» **Instructions for the task**
What you return must be the data below, word for word, without any images.

» **Data shown**

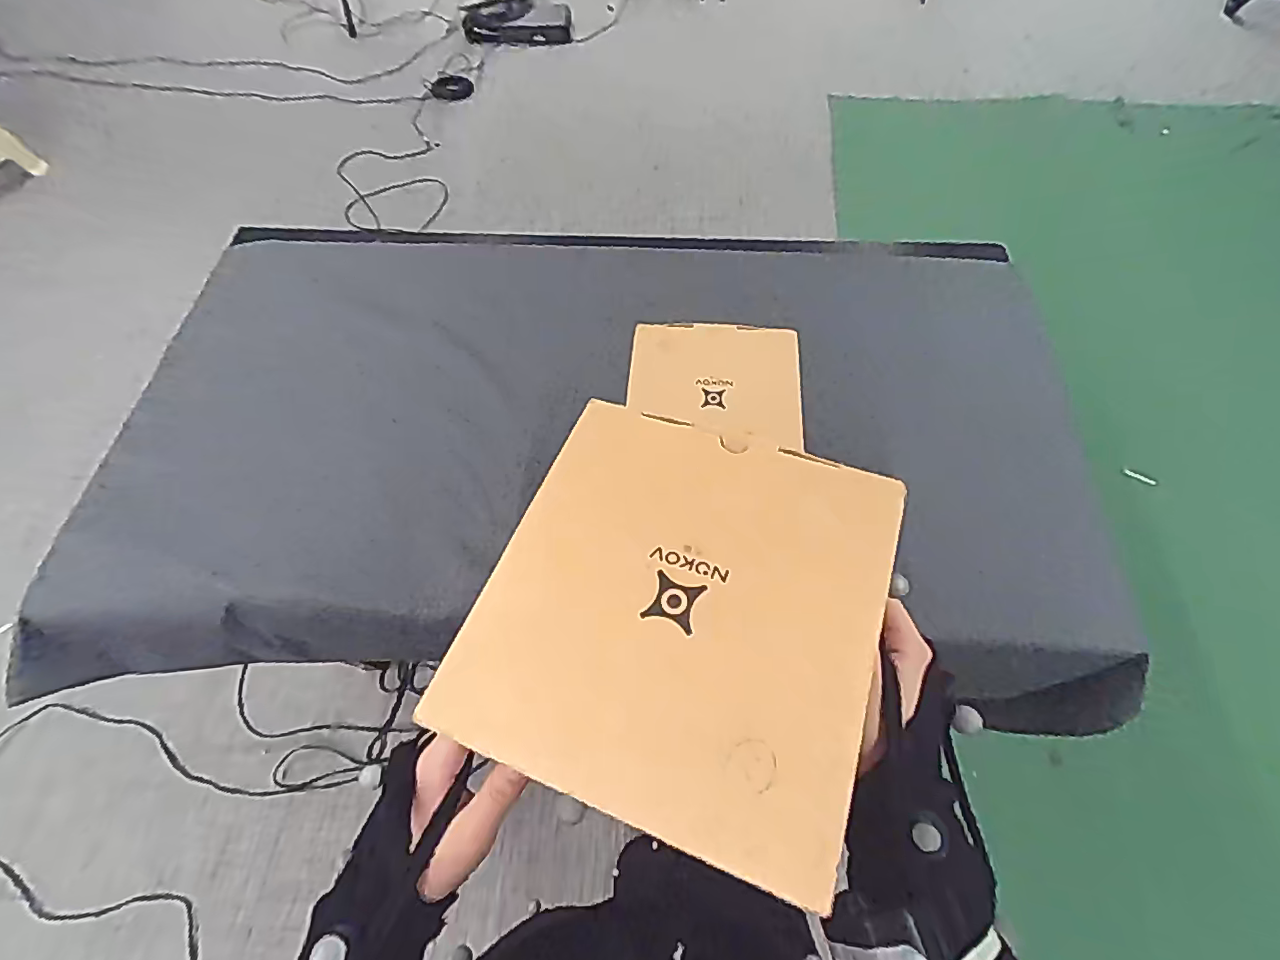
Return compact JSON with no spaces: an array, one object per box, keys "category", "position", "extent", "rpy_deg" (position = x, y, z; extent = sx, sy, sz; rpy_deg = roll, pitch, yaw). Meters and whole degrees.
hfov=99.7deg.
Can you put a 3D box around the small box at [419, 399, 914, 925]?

» **Result for this exercise**
Return compact JSON with no spaces: an array, one object per box, keys "category", "position", "extent", "rpy_deg" (position = x, y, z; extent = sx, sy, sz; rpy_deg = roll, pitch, yaw). Meters and whole degrees.
hfov=99.7deg.
Can you put a 3D box around the small box at [419, 399, 914, 925]?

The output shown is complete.